Edward is the lawyer at Corey’s literary agency. It’s a small agency, so a lot of the writers use Edward’s expertise in other areas. Sadly, I won’t be needing it. Corey tried to tell me when I signed the lease on my two-bedroom last year that I wouldn’t be able to afford it. But my mother insisted she die with dignity—in her own room. Not in a nursing home. Not in a hospital. Not in a hospital bed in the middle of my efficiency apartment. She wanted her own bedroom with her own things.

She promised what was left in her bank account after her death would help me catch up on all the time off I had to take from my writing career. For the past year, I’ve lived off what little advance I had left over from my last publishing contract. But it’s all gone now, and apparently, so is my mother’s money. It was one of the last things she confessed to me before she finally succumbed to the cancer. I would have cared for her regardless of her financial situation. She was my mother. But the fact that she felt she needed to lie to me in order for me to agree to take her in proves how disconnected we were from one another.
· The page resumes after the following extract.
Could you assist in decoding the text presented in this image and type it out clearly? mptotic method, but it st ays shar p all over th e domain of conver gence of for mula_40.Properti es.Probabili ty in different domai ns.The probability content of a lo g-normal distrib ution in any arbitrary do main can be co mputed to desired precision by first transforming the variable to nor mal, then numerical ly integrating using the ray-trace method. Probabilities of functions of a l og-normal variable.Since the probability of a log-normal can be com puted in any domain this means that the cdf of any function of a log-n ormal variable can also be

I take a sip of my water and then shake my head. “I don’t really need a lawyer. All she left me was debt, but thanks for the offer.”

Corey purses his lips. He knows my financial situation because, as my literary agent, he’s the one who sends my royalty checks. Which is why he’s looking at me with pity now. “You have a foreign royalty check coming soon,” he says, as if I’m not aware of every penny coming in my direction for the next six months. As if I haven’t already spent it.

“I know. I’ll be fine.” I don’t want to talk about my financial issues with Corey. With anyone.

Corey shrugs a little, unconvinced. He looks down and straightens up his tie. “Hopefully this offer will be good for both of us,” he says.

I’m relieved the subject is changing. “Why are we meeting in person with a publisher? You know I prefer to do things over email.”

“They requested the meeting yesterday. Said they have a job they’d like to discuss with you, but they wouldn’t give me any details over the phone.”

“I thought you were working on getting another contract with my last publisher.”

“Your books do okay, but not well enough to secure another contract without sacrificing some of your time. You have to agree to engage in social media, go on tour, build a fan base. Your sales alone aren’t cutting it in the current market.”

I was afraid of this. A contract renewal with my current publisher was all the financial hope I had left. The royalty checks from my previous books have dwindled along with my book sales. I’ve done very little writing this past year because of my commitment to my mother, so I have nothing to sell to a publisher.

“I have no idea what Pantem will offer, or if it’s even something you’ll be interested in,” Corey says. “We have to sign a non-disclosure agreement before they’ll give us more details. The secrecy has me curious, though. I’m trying not to get my hopes up, but there are a lot of possibilities and I have a good feeling. We need this.”

He says we because whatever the offer is, he gets fifteen percent if I accept. It’s the agent-client standard. What isn’t the agent-client standard would be the six months we spent in a relationship and the two years of sex that followed our breakup.

Our sexual relationship only lasted as long as it did because he wasn’t serious about anyone else and neither was I. It was convenient until it wasn’t. But the reason our actual relationship was so short-lived is because he was in love with another woman.

Never mind that the other woman in our relationship was also me.